Him: I feel like you're probably more sarcastic than me. Or maybe sassy is the right word

Me: I am 0% sarcastic. I actually don't really like sarcasm. Sass I have in spades! [And yes, I did use the spade emoji.]

Him: How come you don't like sarcasm?

Me: I often find it someone's excuse to be mean. If someone doesn't like something, I'd rather they just say it! ;)

Him: Love sass! Ahh yes I can see that. I am definitely not mean

But I'm not sarcastic a lot

Sassy for sure

How's your day going? [Note: This is where things always go downhill.]

Me: Super busy actually!! [Note: It was 1 p.m. on a weekday!] Working all day. How about you?

Him: Ohh well then I can text you later

Me: Great!

After one more "How's the day been??" three hours later, when I was still working, and I responded as such (though very nicely), he was never to be heard from again. Yes, I could have pushed things along if I wanted to. But I didn't. And it was the middle of the workday. And he made no indication of planning a date.

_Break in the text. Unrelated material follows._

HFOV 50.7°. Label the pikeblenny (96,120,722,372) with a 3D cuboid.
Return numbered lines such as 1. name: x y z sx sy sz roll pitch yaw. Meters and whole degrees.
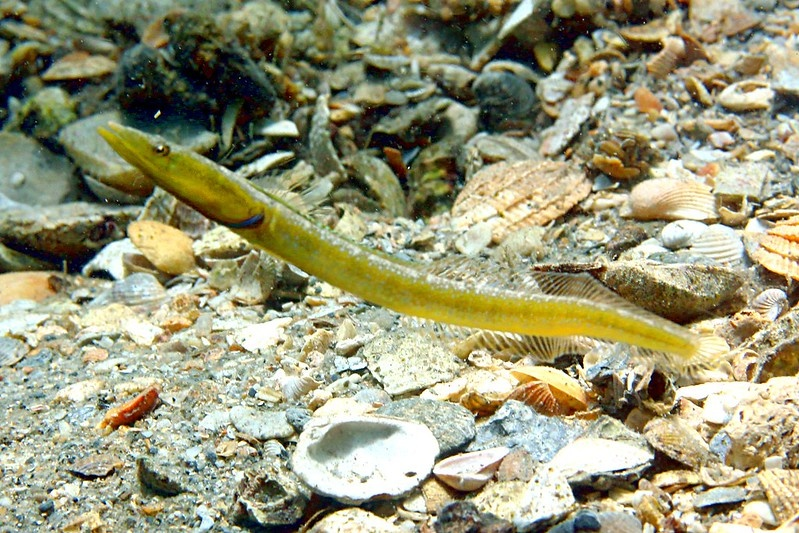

As I told a client yesterday, texting before a first date is like driving a new car off the lot-it depreciates immediately. I'd venture to say that once the phone number is given on the app, there's a 65% chance that the first date will no longer happen. Why? People get lazy. They text, "How is your day?" vs. "Let's confirm our plans for Sunday. How's 6 p.m. in Brooklyn Heights?" Or someone says something that gets misconstrued. Or someone sends something inappropriate. You might be thinking, "Wouldn't I want to know if someone is like that before we meet?" Sure. But I still want you to just get to the date in order to make the assessment for yourself.

So, as much as I wanted to prove myself wrong, I stand by my advice to keep the date planning on the dating apps and then only exchange numbers at the last minute for contingencies. People get in their own way without knowing it. Don't let them.